DQ Job Link ID
Link ID is an out-of-the-box feature that lets you link the findings of a DQ Job back to the source record, or key, for remediation outside the application. The link ID should be unique and is most commonly the primary key. Composite primary key is also supported.
To view the rule break records, any link ID columns included in your dataset must be the only columns specified in your SELECT
query. Alternatively, SELECT * FROM
also allows you to view rule break records because it includes all dataset columns in your query.

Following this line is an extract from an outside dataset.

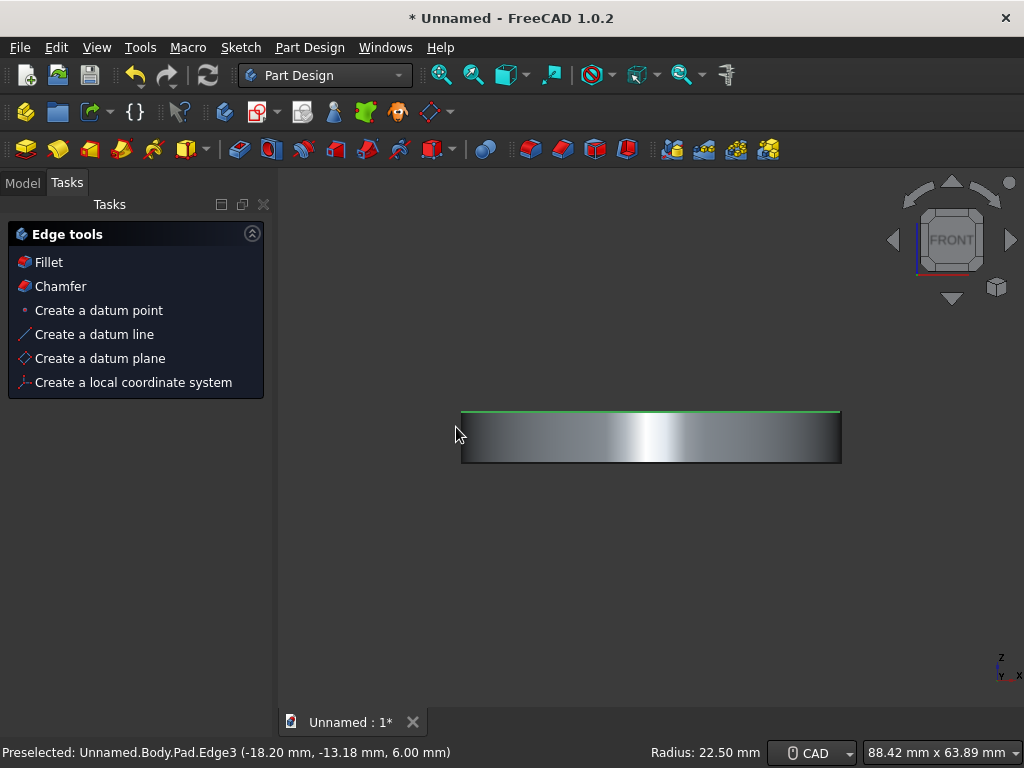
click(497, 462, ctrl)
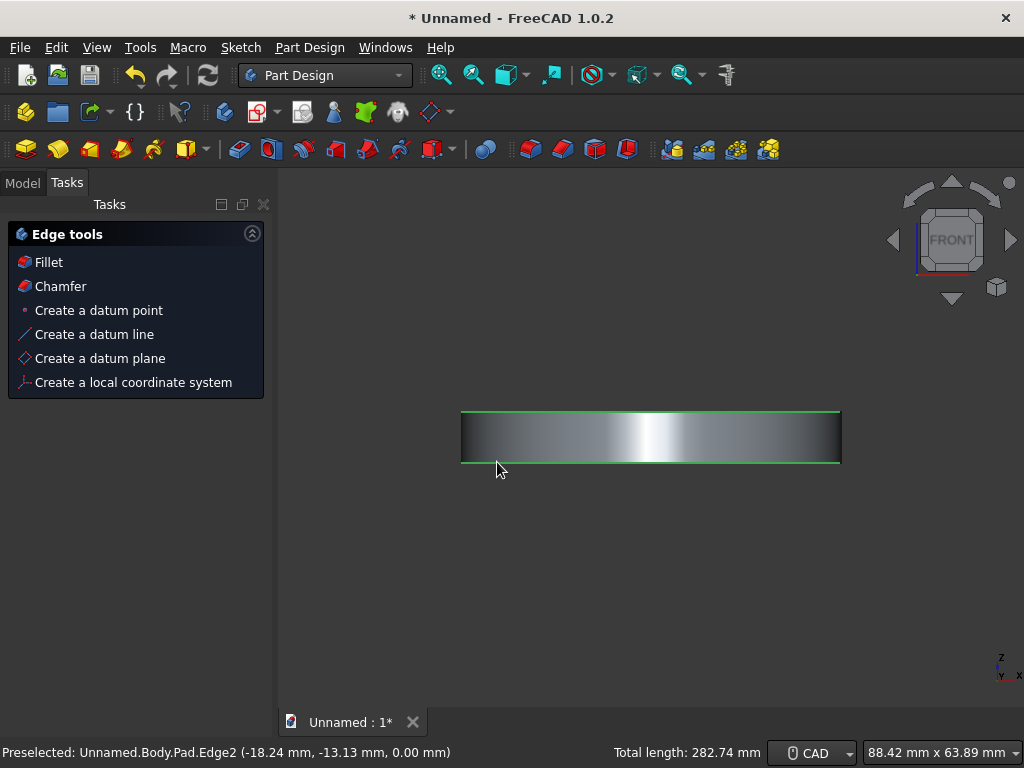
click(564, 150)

For example, a NYSE dataset with the columns "close" and "exch" selected as link ID columns, the following queries allow you to view rule break records:
-
SELECT close, exch FROM ... # both link ID columns are included in the SELECT statement
-
SELECT * FROM ... # SELECT * statement includes all columns, including link IDs
Conversely, when "close" or "exch" are the only specified link ID columns in the same NYSE dataset, the following query will not display rule break records in the Rule Breaks modal on the Findings page:
-
SELECT close FROM ... # only one of the link ID columns included in the SELECT statement
Collibra DQ supports one or many primary key columns in your dataset for record linkage to your original table, file, or data frame. If your primary key column contains many columns, use a comma to delineate.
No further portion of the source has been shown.